[Stored entries]

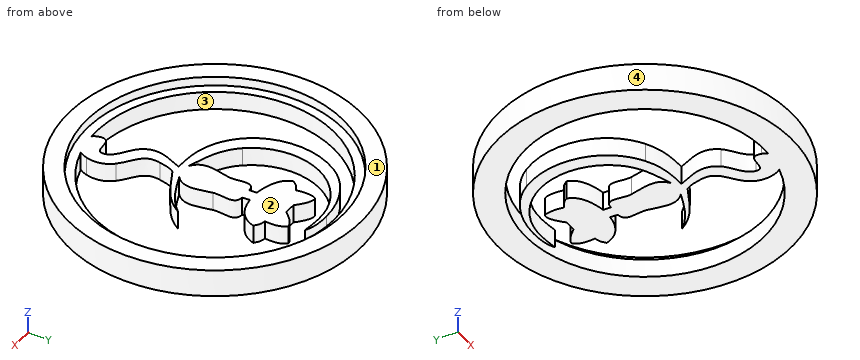
from build123d import *

# Parameters (mm, degrees)
PAD002_DEPTH  = 10
SKETCH_R      = 80
SKETCH_R_2    = 65
PAD_DEPTH     = 15
SKETCH001_R   = 70
SKETCH001_R_2 = 65
POCKET_DEPTH  = 5


with BuildPart() as design005:
    # Sketch004 → Pad002 (new body)
    with BuildSketch(Plane.XY):
        with BuildLine():
            add(Edge.make_bspline(
                [(2.857443, -18.112357), (-0.294933, -25.68391), (-5.159351, -33.231682), (0.976613, -40.898296)],
                knots=[0, 0, 0, 0, 1, 1, 1, 1], degree=3))
            add(Edge.make_bspline(
                [(0.976613, -40.898296), (4.258386, -44.998653), (11.444412, -47.145409), (12.433102, -52.81238)],
                knots=[0, 0, 0, 0, 1, 1, 1, 1], degree=3))
            add(Edge.make_bspline(
                [(12.433102, -52.81238), (13.672867, -59.918926), (0.142448, -52.599291), (2.448137, -61.936397)],
                knots=[0, 0, 0, 0, 1, 1, 1, 1], degree=3))
            add(Edge.make_bspline(
                [(2.448137, -61.936397), (4.168518, -68.902567), (12.92857, -67.682118), (16.678326, -63.34405)],
                knots=[0, 0, 0, 0, 1, 1, 1, 1], degree=3))
            add(Edge.make_bspline(
                [(16.678326, -63.34405), (17.9515, -61.871038), (18.73965, -60.086786), (19.252918, -58.224542)],
                knots=[0, 0, 0, 0, 1, 1, 1, 1], degree=3))
            add(Edge.make_bspline(
                [(19.252918, -58.224542), (20.62938, -53.230586), (19.684515, -48.0056), (16.087768, -44.18007)],
                knots=[0, 0, 0, 0, 1, 1, 1, 1], degree=3))
            add(Edge.make_bspline(
                [(16.087768, -44.18007), (10.550813, -38.291025), (2.704434, -36.922733), (4.725639, -27.026176)],
                knots=[0, 0, 0, 0, 1, 1, 1, 1], degree=3))
            add(Edge.make_bspline(
                [(4.725639, -27.026176), (5.25154, -24.448609), (5.856192, -20.447778), (7.733288, -18.49342)],
                knots=[0, 0, 0, 0, 1, 1, 1, 1], degree=3))
            add(Edge.make_bspline(
                [(7.733288, -18.49342), (17.735996, -13.502495), (26.919785, -9.769163), (32.570163, -0.28472)],
                knots=[0, 0, 0, 0, 1, 1, 1, 1], degree=3))
            add(Edge.make_bspline(
                [(32.570163, -0.28472), (26.066248, -7.456006), (18.281606, -10.206067), (9.542807, -13.655448)],
                knots=[0, 0, 0, 0, 1, 1, 1, 1], degree=3))
            add(Edge.make_bspline(
                [(9.542807, -13.655448), (16.000679, -8.525608), (13.223554, -1.474567), (11.713483, 6.058606)],
                knots=[0, 0, 0, 0, 1, 1, 1, 1], degree=3))
            add(Edge.make_bspline(
                [(11.713483, 6.058606), (10.782881, 10.701008), (14.934643, 19.337951), (7.8473, 19.546155)],
                knots=[0, 0, 0, 0, 1, 1, 1, 1], degree=3))
            add(Edge.make_bspline(
                [(7.8473, 19.546155), (7.456159, 23.596735)],
                knots=[0, 0, 1.449481, 1.449481], degree=1))
            add(Edge.make_bspline(
                [(7.456159, 23.596735), (15.213484, 24.396732), (21.533452, 27.885447), (23.656316, 35.370556)],
                knots=[0, 0, 0, 0, 1, 1, 1, 1], degree=3))
            add(Edge.make_bspline(
                [(23.656316, 35.370556), (21.738877, 36.918556), (20.996124, 37.847166), (17.967643, 38.191674)],
                knots=[0, 0, 0, 0, 1, 1, 1, 1], degree=3))
            add(Edge.make_bspline(
                [(17.967643, 38.191674), (18.163326, 41.416764), (18.577573, 46.391209), (15.485334, 49.484093)],
                knots=[0, 0, 0, 0, 1, 1, 1, 1], degree=3))
            add(Edge.make_bspline(
                [(15.485334, 49.484093), (11.619572, 49.321819), (6.684433, 42.943063), (6.684433, 42.943063)],
                knots=[0, 0, 0, 0, 1, 1, 1, 1], degree=3))
            add(Edge.make_bspline(
                [(6.684433, 42.943063), (0.389929, 42.975068)],
                knots=[0, 0, 2.242059, 2.242059], degree=1))
            add(Edge.make_bspline(
                [(0.389929, 42.975068), (0.389929, 42.975068), (-5.357645, 49.546785), (-9.404462, 48.888341)],
                knots=[0, 0, 0, 0, 1, 1, 1, 1], degree=3))
            add(Edge.make_bspline(
                [(-9.404462, 48.888341), (-11.478785, 46.3327), (-10.479708, 39.424645), (-10.082306, 37.964604)],
                knots=[0, 0, 0, 0, 1, 1, 1, 1], degree=3))
            add(Edge.make_bspline(
                [(-10.082306, 37.964604), (-11.769249, 37.110168), (-13.705696, 36.218281), (-15.379613, 33.344635)],
                knots=[0, 0, 0, 0, 1, 1, 1, 1], degree=3))
            add(Edge.make_bspline(
                [(-15.379613, 33.344635), (-14.000933, 27.134412), (-5.854881, 24.350493), (1.003565, 23.442238)],
                knots=[0, 0, 0, 0, 1, 1, 1, 1], degree=3))
            add(Edge.make_bspline(
                [(1.003565, 23.442238), (1.210197, 19.360017)],
                knots=[0, 0, 1.455902, 1.455902], degree=1))
            add(Edge.make_bspline(
                [(1.210197, 19.360017), (-6.253659, 19.181741), (-1.456845, 10.612599), (-2.443795, 5.974016)],
                knots=[0, 0, 0, 0, 1, 1, 1, 1], degree=3))
            add(Edge.make_bspline(
                [(-2.443795, 5.974016), (-4.454668, -3.477046), (-6.614086, -9.8608), (-0.113933, -14.398285)],
                knots=[0, 0, 0, 0, 1, 1, 1, 1], degree=3))
            add(Edge.make_bspline(
                [(-0.113933, -14.398285), (-9.732856, -11.135827), (-18.226675, -8.719438), (-24.872819, -0.284748)],
                knots=[0, 0, 0, 0, 1, 1, 1, 1], degree=3))
            add(Edge.make_bspline(
                [(-24.872819, -0.284748), (-38.713975, 17.282017), (-33.70723, 44.153601), (-13.484661, 54.695238)],
                knots=[0, 0, 0, 0, 1, 1, 1, 1], degree=3))
            add(Edge.make_bspline(
                [(-13.484661, 54.695238), (-4.122569, 59.575547), (3.993106, 58.947368), (13.999604, 57.655075)],
                knots=[0, 0, 0, 0, 1, 1, 1, 1], degree=3))
            add(Edge.make_bspline(
                [(13.999604, 57.655075), (9.88215, 60.2423), (4.647534, 60.620555), (-0.113933, 60.626339)],
                knots=[0, 0, 0, 0, 1, 1, 1, 1], degree=3))
            add(Edge.make_bspline(
                [(-0.113933, 60.626339), (-12.760213, 60.643184), (-26.055459, 55.212155), (-33.133851, 44.284347)],
                knots=[0, 0, 0, 0, 1, 1, 1, 1], degree=3))
            add(Edge.make_bspline(
                [(-33.133851, 44.284347), (-45.363462, 25.403755), (-41.088394, -1.481951), (-20.912857, -13.102089)],
                knots=[0, 0, 0, 0, 1, 1, 1, 1], degree=3))
            add(Edge.make_bspline(
                [(-20.912857, -13.102089), (-13.292123, -17.490636), (-5.714956, -18.112386), (2.857331, -18.112386)],
                knots=[0, 0, 0, 0, 1, 1, 1, 1], degree=3))
            add(Edge.make_bspline(
                [(2.857331, -18.112386), (2.857443, -18.112357)],
                knots=[0, 0, 4.1e-05, 4.1e-05], degree=1))
        make_face()
    extrude(amount=PAD002_DEPTH)


with BuildPart() as half_lamp_with_design:
    # Sketch → Pad (new body)
    with BuildSketch(Plane.XY):
        Circle(SKETCH_R)
        Circle(SKETCH_R_2, mode=Mode.SUBTRACT)
    extrude(amount=PAD_DEPTH)

    # Sketch001 (on Face4 of Pad) → Pocket (cut)
    with BuildSketch(Plane.XY.offset(15)):
        Circle(SKETCH001_R)
        Circle(SKETCH001_R_2, mode=Mode.SUBTRACT)
    extrude(amount=-POCKET_DEPTH, mode=Mode.SUBTRACT)

    # Boolean: union design005
    add(design005.part)


solid = half_lamp_with_design.part
For this review, take the finished solid that the model builds, in its own axes (mm). Face numbers are marked on the shaded views. Round coordinates to 2 decimals unless told otherwise and drop trailing zeros. Write each loop counter-clockwise with the first axis right and the second up, starting at its lowest first coordinate (ties: lowest second). Pieces come first, ordered by that corner, then holes. Notation, with made-up numbers: (64.5, 50.5) - (97.5, 50.5) arc R28 ccw to (97.5, 76.5) - close; hole circle Ø7 at (24, 22.25). An arc over 180 degrees is marked (long way). Write item = value, one per line. Start each with the question number.
1. Consider section C-C on x = -51. State the section outline as (y, z) points.
2. Consider section B-B on y = 41. Give the number of separate pieces and of enclosed holes in the cut face, plus the area to 3 significant figures.
3. Consider section A-A on x = 53.5. State the section outline as (y, z) points.
4. For pin 1 Ø8 at (y, z) = (11.5, 7) entering from -X; pin 2 Ø1.5 at (y, z) = (-22.5, 9.5) entering from +X; pin 3 Ø2 at (y, z) = (-13.5, 11) entering from -X, all flat-tipped, find the tip position at first contact; note any pin that passes through.
5. Draft analysis for pull direction X (two halves, no side actions). For the marked faces 1, 2, 3 and 4, state which applies: released by +X, released by -X, zero draft, split by the parting line, or undercut.
6. Wall thickness on L1, parallel to Y at x = 0, z = 11.1; L2, parallel to X at y = -5, z = 4; L3, parallel to Y at x = 0, z = 7.5: over which ranges is each line inside the solid? List them lowest first.
Evaluation:
q1.outline = (-61.64, 0) - (-40.3, 0) - (-40.3, 10) - (-47.95, 10) - (-47.95, 15) - (-61.64, 15) - close; (40.3, 0) - (61.64, 0) - (61.64, 15) - (47.95, 15) - (47.95, 10) - (40.3, 10) - close
q2.separate_pieces = 4
q2.enclosed_holes = 0
q2.area = 844 mm2
q3.outline = (-59.48, 0) - (-36.92, 0) - (-36.92, 10) - (-45.14, 10) - (-45.14, 15) - (-59.48, 15) - close; (36.92, 0) - (59.48, 0) - (59.48, 15) - (45.14, 15) - (45.14, 10) - (36.92, 10) - close
q4.pin_1 = -79.65
q4.pin_2 = 76.99
q4.pin_3 = -79.02
q5.face_1 = zero draft
q5.face_2 = undercut
q5.face_3 = undercut
q5.face_4 = split by the parting line
q6.L1 = -80 to -70, 70 to 80
q6.L2 = -79.84 to -64.81, -30.67 to -20.29, -4.44 to 13.62, 27.34 to 29.09, 64.81 to 79.84
q6.L3 = -80 to -65, -39.54 to -24.68, -18.08 to 19.24, 23.59 to 43.4, 58.49 to 60.63, 65 to 80

**Exercise brief**
Reply with the number of lines in the entries that hold the word "SUBTRACT", and add no other words.

**Output below**
3